• **Problem description**
Line by line, return everything in the listing exactly.
........
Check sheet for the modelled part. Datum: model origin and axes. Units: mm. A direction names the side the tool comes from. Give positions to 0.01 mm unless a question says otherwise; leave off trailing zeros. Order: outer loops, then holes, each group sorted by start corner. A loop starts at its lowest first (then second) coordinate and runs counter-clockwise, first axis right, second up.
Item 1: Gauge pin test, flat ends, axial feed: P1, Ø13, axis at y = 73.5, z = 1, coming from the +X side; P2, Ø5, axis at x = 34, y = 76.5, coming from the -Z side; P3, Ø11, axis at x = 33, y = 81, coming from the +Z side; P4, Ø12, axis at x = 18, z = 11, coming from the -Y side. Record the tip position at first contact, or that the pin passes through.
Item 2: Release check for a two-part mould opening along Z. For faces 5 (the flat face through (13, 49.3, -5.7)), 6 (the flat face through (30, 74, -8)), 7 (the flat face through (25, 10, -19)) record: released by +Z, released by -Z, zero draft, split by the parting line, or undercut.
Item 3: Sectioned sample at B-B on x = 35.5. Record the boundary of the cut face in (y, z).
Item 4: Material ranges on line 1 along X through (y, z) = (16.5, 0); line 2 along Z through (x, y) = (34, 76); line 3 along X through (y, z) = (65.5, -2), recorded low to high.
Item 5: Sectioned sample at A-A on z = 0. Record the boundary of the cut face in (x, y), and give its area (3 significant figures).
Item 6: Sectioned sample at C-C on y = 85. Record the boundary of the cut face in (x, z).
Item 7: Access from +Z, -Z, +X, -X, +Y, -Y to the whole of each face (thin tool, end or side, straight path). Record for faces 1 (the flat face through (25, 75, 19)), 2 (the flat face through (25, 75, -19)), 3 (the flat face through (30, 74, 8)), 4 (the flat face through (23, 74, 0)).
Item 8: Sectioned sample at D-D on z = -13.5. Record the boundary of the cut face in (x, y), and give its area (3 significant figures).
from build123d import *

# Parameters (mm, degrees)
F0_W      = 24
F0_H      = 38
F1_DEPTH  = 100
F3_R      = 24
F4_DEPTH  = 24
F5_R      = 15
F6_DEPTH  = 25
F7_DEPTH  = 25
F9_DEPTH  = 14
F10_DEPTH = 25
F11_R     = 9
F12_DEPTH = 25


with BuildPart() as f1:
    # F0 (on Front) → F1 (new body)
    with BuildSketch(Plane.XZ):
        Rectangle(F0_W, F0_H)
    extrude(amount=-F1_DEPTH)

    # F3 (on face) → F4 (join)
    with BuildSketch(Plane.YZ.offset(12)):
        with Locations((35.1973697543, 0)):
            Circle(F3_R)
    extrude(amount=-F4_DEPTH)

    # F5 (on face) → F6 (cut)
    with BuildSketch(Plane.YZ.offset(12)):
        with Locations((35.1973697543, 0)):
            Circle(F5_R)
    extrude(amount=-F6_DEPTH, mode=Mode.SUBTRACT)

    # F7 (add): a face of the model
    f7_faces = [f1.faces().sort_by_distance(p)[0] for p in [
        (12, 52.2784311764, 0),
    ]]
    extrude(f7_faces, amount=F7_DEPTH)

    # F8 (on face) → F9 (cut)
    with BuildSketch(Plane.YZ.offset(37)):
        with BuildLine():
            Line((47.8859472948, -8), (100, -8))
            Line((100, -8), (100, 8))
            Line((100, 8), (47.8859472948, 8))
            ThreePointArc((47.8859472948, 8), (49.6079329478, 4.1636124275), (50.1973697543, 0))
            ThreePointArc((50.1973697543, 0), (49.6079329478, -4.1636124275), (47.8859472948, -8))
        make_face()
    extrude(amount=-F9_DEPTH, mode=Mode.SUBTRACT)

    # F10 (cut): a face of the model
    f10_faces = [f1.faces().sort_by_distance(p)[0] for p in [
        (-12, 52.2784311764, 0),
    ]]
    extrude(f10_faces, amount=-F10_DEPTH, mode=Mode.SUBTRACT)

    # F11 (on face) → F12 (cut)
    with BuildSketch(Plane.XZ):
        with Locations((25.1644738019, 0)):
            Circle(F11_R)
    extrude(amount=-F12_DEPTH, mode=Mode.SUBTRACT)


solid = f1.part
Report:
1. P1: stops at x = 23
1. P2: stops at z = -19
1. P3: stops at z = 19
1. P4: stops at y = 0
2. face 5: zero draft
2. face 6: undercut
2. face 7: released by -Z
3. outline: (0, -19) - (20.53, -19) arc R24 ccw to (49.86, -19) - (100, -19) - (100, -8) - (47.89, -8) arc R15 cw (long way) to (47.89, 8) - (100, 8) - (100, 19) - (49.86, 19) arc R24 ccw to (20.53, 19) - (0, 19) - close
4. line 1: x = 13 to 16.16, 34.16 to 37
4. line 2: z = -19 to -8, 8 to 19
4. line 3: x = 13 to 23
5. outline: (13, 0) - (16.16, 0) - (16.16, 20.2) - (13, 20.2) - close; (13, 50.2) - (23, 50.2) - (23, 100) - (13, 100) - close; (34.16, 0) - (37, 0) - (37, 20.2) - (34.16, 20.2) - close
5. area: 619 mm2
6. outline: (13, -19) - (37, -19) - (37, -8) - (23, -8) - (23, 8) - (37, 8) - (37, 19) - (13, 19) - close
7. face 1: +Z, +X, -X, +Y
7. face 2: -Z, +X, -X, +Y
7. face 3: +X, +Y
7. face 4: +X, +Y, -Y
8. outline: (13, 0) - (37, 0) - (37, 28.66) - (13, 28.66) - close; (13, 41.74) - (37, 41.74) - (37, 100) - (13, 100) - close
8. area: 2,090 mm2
........
• **Exercise solution**
Check sheet for the modelled part. Datum: model origin and axes. Units: mm. A direction names the side the tool comes from. Give positions to 0.01 mm unless a question says otherwise; leave off trailing zeros. Order: outer loops, then holes, each group sorted by start corner. A loop starts at its lowest first (then second) coordinate and runs counter-clockwise, first axis right, second up.
Item 1: Gauge pin test, flat ends, axial feed: P1, Ø13, axis at y = 73.5, z = 1, coming from the +X side; P2, Ø5, axis at x = 34, y = 76.5, coming from the -Z side; P3, Ø11, axis at x = 33, y = 81, coming from the +Z side; P4, Ø12, axis at x = 18, z = 11, coming from the -Y side. Record the tip position at first contact, or that the pin passes through.
Item 2: Release check for a two-part mould opening along Z. For faces 5 (the flat face through (13, 49.3, -5.7)), 6 (the flat face through (30, 74, -8)), 7 (the flat face through (25, 10, -19)) record: released by +Z, released by -Z, zero draft, split by the parting line, or undercut.
Item 3: Sectioned sample at B-B on x = 35.5. Record the boundary of the cut face in (y, z).
Item 4: Material ranges on line 1 along X through (y, z) = (16.5, 0); line 2 along Z through (x, y) = (34, 76); line 3 along X through (y, z) = (65.5, -2), recorded low to high.
Item 5: Sectioned sample at A-A on z = 0. Record the boundary of the cut face in (x, y), and give its area (3 significant figures).
Item 6: Sectioned sample at C-C on y = 85. Record the boundary of the cut face in (x, z).
Item 7: Access from +Z, -Z, +X, -X, +Y, -Y to the whole of each face (thin tool, end or side, straight path). Record for faces 1 (the flat face through (25, 75, 19)), 2 (the flat face through (25, 75, -19)), 3 (the flat face through (30, 74, 8)), 4 (the flat face through (23, 74, 0)).
Item 8: Sectioned sample at D-D on z = -13.5. Record the boundary of the cut face in (x, y), and give its area (3 significant figures).
from build123d import *

# Parameters (mm, degrees)
F0_W      = 24
F0_H      = 38
F1_DEPTH  = 100
F3_R      = 24
F4_DEPTH  = 24
F5_R      = 15
F6_DEPTH  = 25
F7_DEPTH  = 25
F9_DEPTH  = 14
F10_DEPTH = 25
F11_R     = 9
F12_DEPTH = 25


with BuildPart() as f1:
    # F0 (on Front) → F1 (new body)
    with BuildSketch(Plane.XZ):
        Rectangle(F0_W, F0_H)
    extrude(amount=-F1_DEPTH)

    # F3 (on face) → F4 (join)
    with BuildSketch(Plane.YZ.offset(12)):
        with Locations((35.1973697543, 0)):
            Circle(F3_R)
    extrude(amount=-F4_DEPTH)

    # F5 (on face) → F6 (cut)
    with BuildSketch(Plane.YZ.offset(12)):
        with Locations((35.1973697543, 0)):
            Circle(F5_R)
    extrude(amount=-F6_DEPTH, mode=Mode.SUBTRACT)

    # F7 (add): a face of the model
    f7_faces = [f1.faces().sort_by_distance(p)[0] for p in [
        (12, 52.2784311764, 0),
    ]]
    extrude(f7_faces, amount=F7_DEPTH)

    # F8 (on face) → F9 (cut)
    with BuildSketch(Plane.YZ.offset(37)):
        with BuildLine():
            Line((47.8859472948, -8), (100, -8))
            Line((100, -8), (100, 8))
            Line((100, 8), (47.8859472948, 8))
            ThreePointArc((47.8859472948, 8), (49.6079329478, 4.1636124275), (50.1973697543, 0))
            ThreePointArc((50.1973697543, 0), (49.6079329478, -4.1636124275), (47.8859472948, -8))
        make_face()
    extrude(amount=-F9_DEPTH, mode=Mode.SUBTRACT)

    # F10 (cut): a face of the model
    f10_faces = [f1.faces().sort_by_distance(p)[0] for p in [
        (-12, 52.2784311764, 0),
    ]]
    extrude(f10_faces, amount=-F10_DEPTH, mode=Mode.SUBTRACT)

    # F11 (on face) → F12 (cut)
    with BuildSketch(Plane.XZ):
        with Locations((25.1644738019, 0)):
            Circle(F11_R)
    extrude(amount=-F12_DEPTH, mode=Mode.SUBTRACT)


solid = f1.part
Report:
1. P1: stops at x = 23
1. P2: stops at z = -19
1. P3: stops at z = 19
1. P4: stops at y = 0
2. face 5: zero draft
2. face 6: undercut
2. face 7: released by -Z
3. outline: (0, -19) - (20.53, -19) arc R24 ccw to (49.86, -19) - (100, -19) - (100, -8) - (47.89, -8) arc R15 cw (long way) to (47.89, 8) - (100, 8) - (100, 19) - (49.86, 19) arc R24 ccw to (20.53, 19) - (0, 19) - close
4. line 1: x = 13 to 16.16, 34.16 to 37
4. line 2: z = -19 to -8, 8 to 19
4. line 3: x = 13 to 23
5. outline: (13, 0) - (16.16, 0) - (16.16, 20.2) - (13, 20.2) - close; (13, 50.2) - (23, 50.2) - (23, 100) - (13, 100) - close; (34.16, 0) - (37, 0) - (37, 20.2) - (34.16, 20.2) - close
5. area: 619 mm2
6. outline: (13, -19) - (37, -19) - (37, -8) - (23, -8) - (23, 8) - (37, 8) - (37, 19) - (13, 19) - close
7. face 1: +Z, +X, -X, +Y
7. face 2: -Z, +X, -X, +Y
7. face 3: +X, +Y
7. face 4: +X, +Y, -Y
8. outline: (13, 0) - (37, 0) - (37, 28.66) - (13, 28.66) - close; (13, 41.74) - (37, 41.74) - (37, 100) - (13, 100) - close
8. area: 2,090 mm2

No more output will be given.